Este é o ponto basilar que deve ser debatido seriamente por todos os intervenientes no espaço público com influência nas políticas rodoviárias e de mobilidade. Não posso deixar de discordar com o contexto das afirmações do Dr. Jorge Jacob, presidente da ANSR, quando refere que os ciclistas precisam de ser “disciplinados”; pois os dados estatísticos na realidade demonstram que cidades que favoreçam políticas mais amigas de ciclistas e peões, são cidades que têm índices de segurança rodoviária muito superiores. É fácil de perceber que quando se promove acalmia de tráfego, quando se alargam os passeios e se diminui a largura das estradas, quando se colocam zonas de abrandamento de velocidades, quando se criam zonas partilhadas; todas estas medidas promovem invariavelmente melhorias nos índices de segurança rodoviária.
Na realidade, as políticas urbanas de mobilidade de atração de peões e ciclistas para as cidades, são as mesmas ou muito similares às políticas de promoção da segurança rodoviária.
By Wittink, Roelof, I-ce Interface for Cycling Expertise: |
Nos gráficos acima, que provêm de fontes diferentes, podemos constatar, que os dados demonstram que as melhores políticas para promover a segurança de ciclistas, não é de todo censurá-los ou incriminá-los por passarem sinais vermelhos, mas na realidade atrair mais ciclistas para as ruas.
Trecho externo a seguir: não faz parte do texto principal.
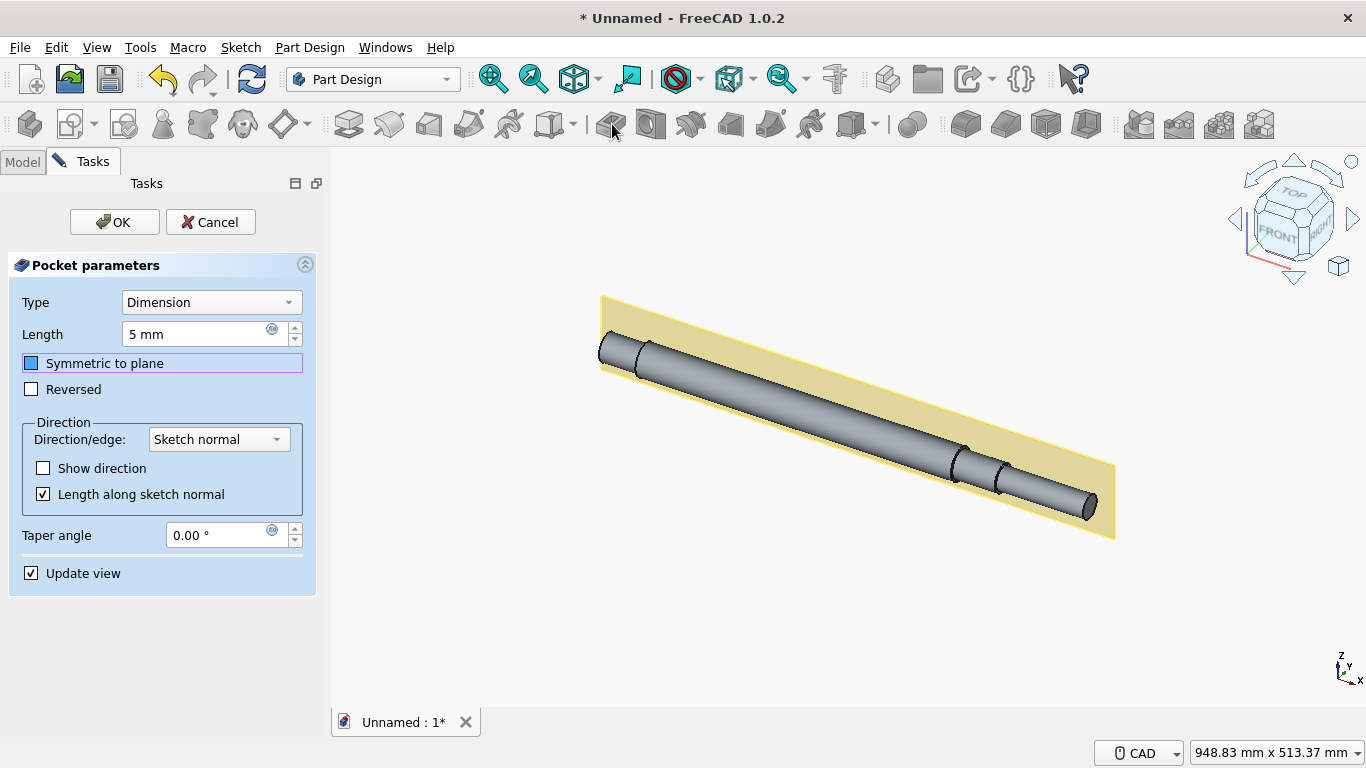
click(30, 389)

Os dados extraídos de diversos países mostram invariavelmente que quanto mais km se pedala, menor são as fatalidades por km percorrido. Ou seja, existe uma relação inversamente proporcional entre a atividade ciclística e a sinistralidade rodoviária para esses mesmos ciclistas. Pelo contrário, após coligidos e combinados os dados sobre sinistralidade rodoviária com o número de km percorridos em alguns estados da União Europeia, constata-se que para o automóvel não existe essa relação.
Se analisarmos o gráfico acima onde são consideradas as fatalidades por pessoa-km, percebemos que não existe relação entre maior massificação do automóvel, e a probabilidade de um determinado indivíduo ter um acidente ao longo de um km. Ou seja, a sinistralidade rodoviária devido ao automóvel por pessoa por km, aparenta não depender dos km percorridos por pessoa por dia, sendo que praticamente todos os países têm taxas de utilização do automóvel próximas dos 30km percorridos em média por pessoa-dia, com sinistralidades variadas. Essa variação na sinistralidade poderá depender, estou em crer, de questões culturais e de respeito pelos códigos da estrada, ou de medidas de promoção da segurança rodoviária em cada país (compare-se por exemplo Itália e Suécia).
Estas diferenças na segurança rodoviária entre a massificação da bicicleta e do automóvel não são de estranhar, pois a bicicleta por norma é um veículo cujo peso total com o passageiro deverá rondar em média os 90kg, a uma velocidade em média de cerca de 15km/h. Pelas leis da mecânica clássica, um automóvel de uma tonelada a 50km/h tem uma energia cinética 120 vezes superior à da bicicleta com o seu passageiro. Num caso de atropelamento, sendo a energia cinética do veículo um fator preponderante para a fatalidade do acidente, percebe-se facilmente que o risco de acidente com um automóvel é incomensuravelmente maior do que um acidente com uma bicicleta, por muito ousadas que sejam as manobras do ciclista.
Para confirmamos que a energia cinética é um fator importante, podemos observar por exemplo a probabilidade de atropelamento mortal em embates de automóveis contra peões. A energia cinética depende linearmente com a massa e quadraticamente com a velocidade, ou seja depende do quadrado da velocidade. Este fator quadrático, faz com que a partir de certa velocidade, pequenos incrementos na velocidade, tenham grandes incrementos na energia. Não é de estranhar então, que a probabilidade de um acidente com um automóvel ser fatal em várias situações, obedece a um fator muito semelhante a um fator quadrático a partir de determinada velocidade, como pode ser visto no seguinte gráfico.
Risco de fatalidade em função da velocidade, em acidentes envolvendo automóvel |
São atropeladas mortalmente nas cidades portuguesas mais de cem pessoas por ano. Em média só em Lisboa são atropeladas duas pessoas por dia. Faço aqui um apelo ao Dr. Jorge Jacob, para que seja sensível a estes dados que não podem de todo ser ignorados pelos agentes que promovem a segurança rodoviária em Portugal. Os dados mostram de forma objetiva e clara, que a forma mais eficaz e com resultados mais tangíveis para aumentar os índices de segurança rodoviária nas cidades, é a acalmia de tráfego e o abrandamento de velocidades, reduzindo a preponderância e a hegemonia que os automóveis têm nas zonas urbanas.